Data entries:
▬▬▬▬▬▬▬▬▬▬
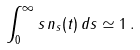Convert formula to latex. <formula><loc_0><loc_0><loc_500><loc_500>\int _ { 0 } ^ { \infty } s \, n _ { s } ( t ) \, d s \simeq 1 \, .</formula> 
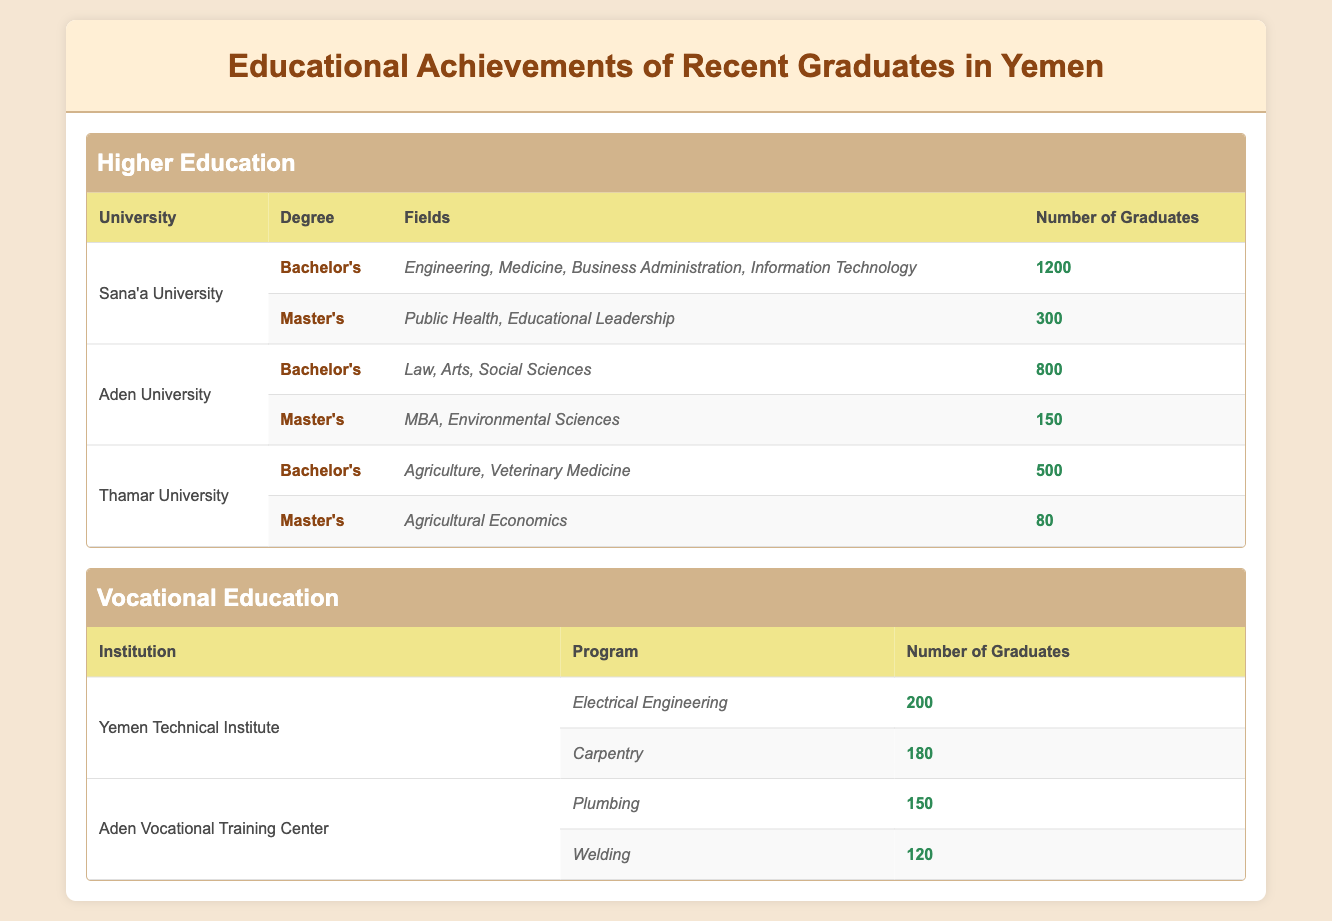What is the total number of graduates from Sana'a University? From the table, Sana'a University has 1200 graduates with Bachelor's degrees and 300 graduates with Master's degrees. Adding these together gives us 1200 + 300 = 1500 graduates.
Answer: 1500 Which university offers a Master's degree in Agricultural Economics? According to the table, Thamar University is the only university listed that offers a Master's degree in Agricultural Economics.
Answer: Thamar University How many graduates did Aden University have for Bachelor’s degrees? The table shows that Aden University had 800 graduates for Bachelor's degrees. This is directly stated in the 'Number of Graduates' column for Aden University under the Bachelor's degree row.
Answer: 800 What is the total number of graduates across all vocational education programs? The table lists two vocational institutions: Yemen Technical Institute with 200 (Electrical Engineering) + 180 (Carpentry) = 380, and Aden Vocational Training Center with 150 (Plumbing) + 120 (Welding) = 270. Adding these totals gives us 380 + 270 = 650 graduates from all vocational programs.
Answer: 650 Does Sana'a University offer degrees in Medicine? The table lists the fields under the Bachelor's degree for Sana'a University and includes 'Medicine' among them. Thus, Sana'a University does offer degrees in Medicine.
Answer: Yes What is the difference in the number of graduates between Aden University’s Bachelor’s and Master’s programs? Aden University has 800 graduates for Bachelor's degrees and 150 for Master's degrees. The difference is calculated by subtracting the number of Master's graduates from the Bachelor's graduates: 800 - 150 = 650.
Answer: 650 Which university has the highest number of graduates and what is that number? You compare the total number of graduates from each university. Sana'a University has 1500 graduates, Aden University has 950 (800 + 150), and Thamar University has 580 (500 + 80). The highest number is from Sana'a University with 1500 graduates.
Answer: 1500 What percentage of graduates from Yemen Technical Institute are from the Electrical Engineering program? Yemen Technical Institute has a total of 380 graduates (200 in Electrical Engineering and 180 in Carpentry). The percentage for Electrical Engineering is calculated as (200/380) * 100 = 52.63%.
Answer: 52.63% Are there more graduates in vocational education than higher education overall? The total number of graduates in higher education is 3050 (1500 from Sana'a University, 950 from Aden University, and 580 from Thamar University). In vocational education, there are 650 graduates. Comparing them shows that higher education has more graduates than vocational education.
Answer: No 
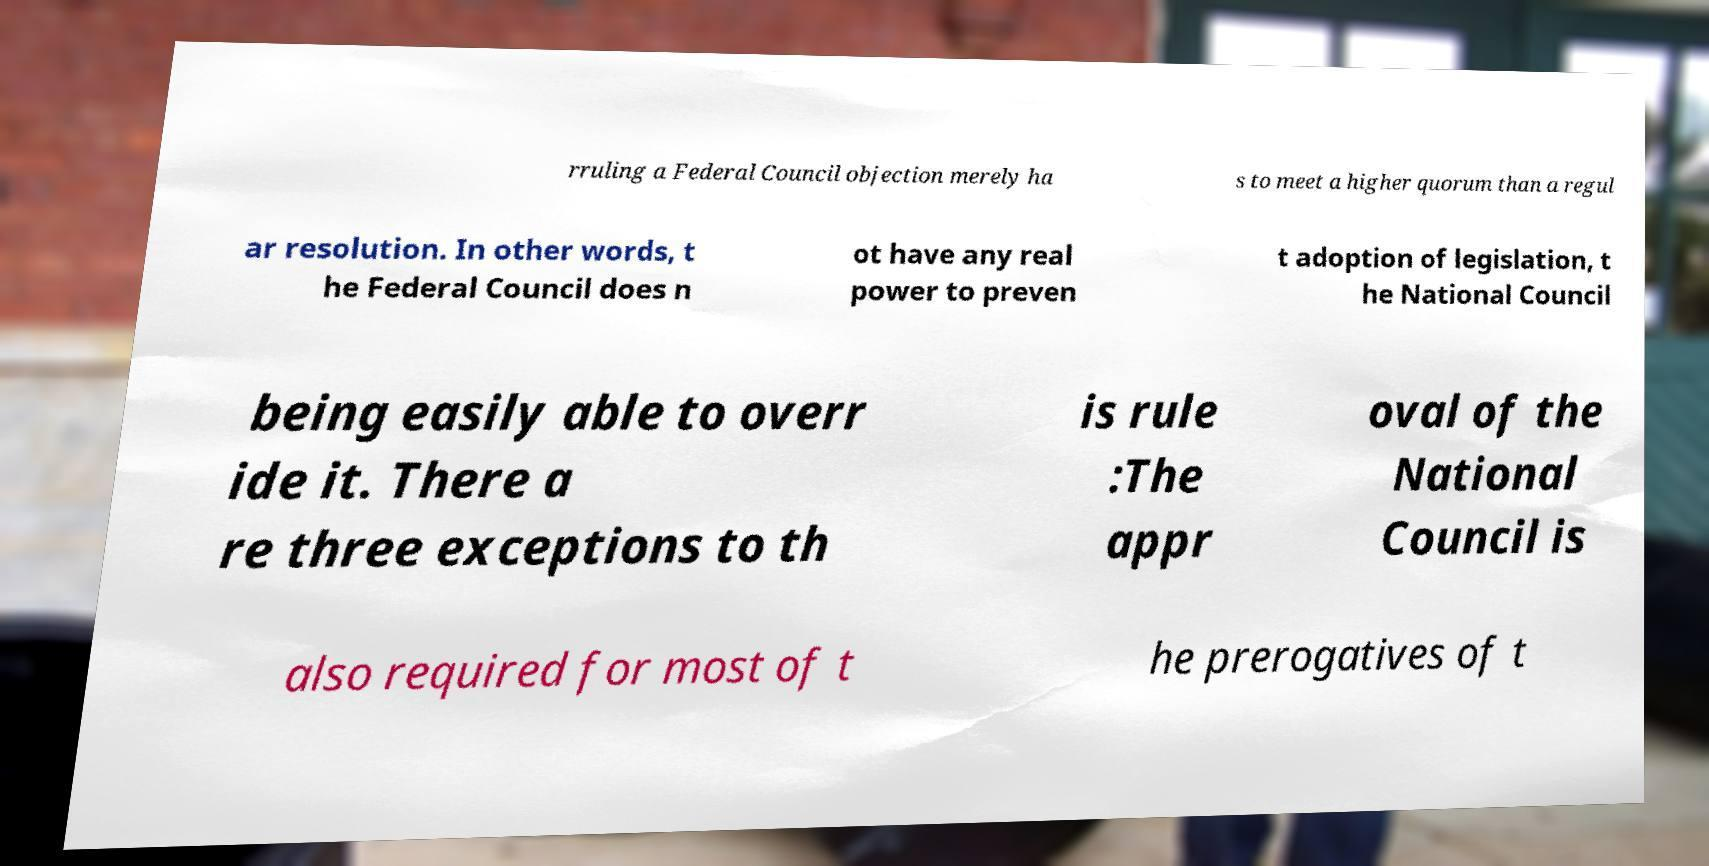For documentation purposes, I need the text within this image transcribed. Could you provide that? rruling a Federal Council objection merely ha s to meet a higher quorum than a regul ar resolution. In other words, t he Federal Council does n ot have any real power to preven t adoption of legislation, t he National Council being easily able to overr ide it. There a re three exceptions to th is rule :The appr oval of the National Council is also required for most of t he prerogatives of t 
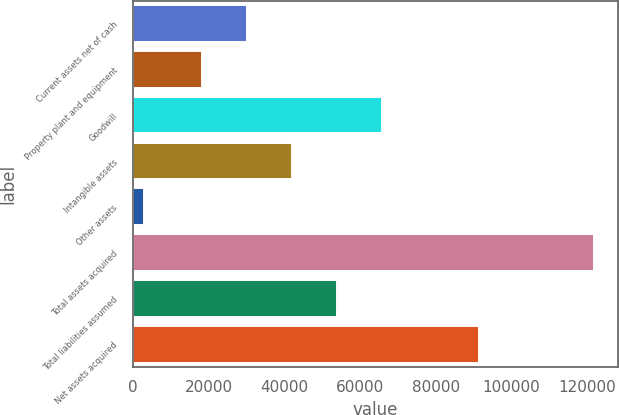Convert chart. <chart><loc_0><loc_0><loc_500><loc_500><bar_chart><fcel>Current assets net of cash<fcel>Property plant and equipment<fcel>Goodwill<fcel>Intangible assets<fcel>Other assets<fcel>Total assets acquired<fcel>Total liabilities assumed<fcel>Net assets acquired<nl><fcel>30235.7<fcel>18344<fcel>65910.8<fcel>42127.4<fcel>2950<fcel>121867<fcel>54019.1<fcel>91286<nl></chart>
▬▬▬▬▬▬▬▬▬▬
WORK INSTRUCTIONS
Reproduce only the lines above spanning from the line containing "Answer: 1500 Which" through the line containing "Answer: Yes What", word for word.

FINISHED TASK
Answer: 1500 Which university offers a Master's degree in Agricultural Economics? According to the table, Thamar University is the only university listed that offers a Master's degree in Agricultural Economics.
Answer: Thamar University How many graduates did Aden University have for Bachelor’s degrees? The table shows that Aden University had 800 graduates for Bachelor's degrees. This is directly stated in the 'Number of Graduates' column for Aden University under the Bachelor's degree row.
Answer: 800 What is the total number of graduates across all vocational education programs? The table lists two vocational institutions: Yemen Technical Institute with 200 (Electrical Engineering) + 180 (Carpentry) = 380, and Aden Vocational Training Center with 150 (Plumbing) + 120 (Welding) = 270. Adding these totals gives us 380 + 270 = 650 graduates from all vocational programs.
Answer: 650 Does Sana'a University offer degrees in Medicine? The table lists the fields under the Bachelor's degree for Sana'a University and includes 'Medicine' among them. Thus, Sana'a University does offer degrees in Medicine.
Answer: Yes What is the difference in the number of graduates between Aden University’s Bachelor’s and Master’s programs? Aden University has 800 graduates for Bachelor's degrees and 150 for Master's degrees. The difference is calculated by subtracting the number of Master's graduates from the Bachelor's graduates: 800 - 150 = 650.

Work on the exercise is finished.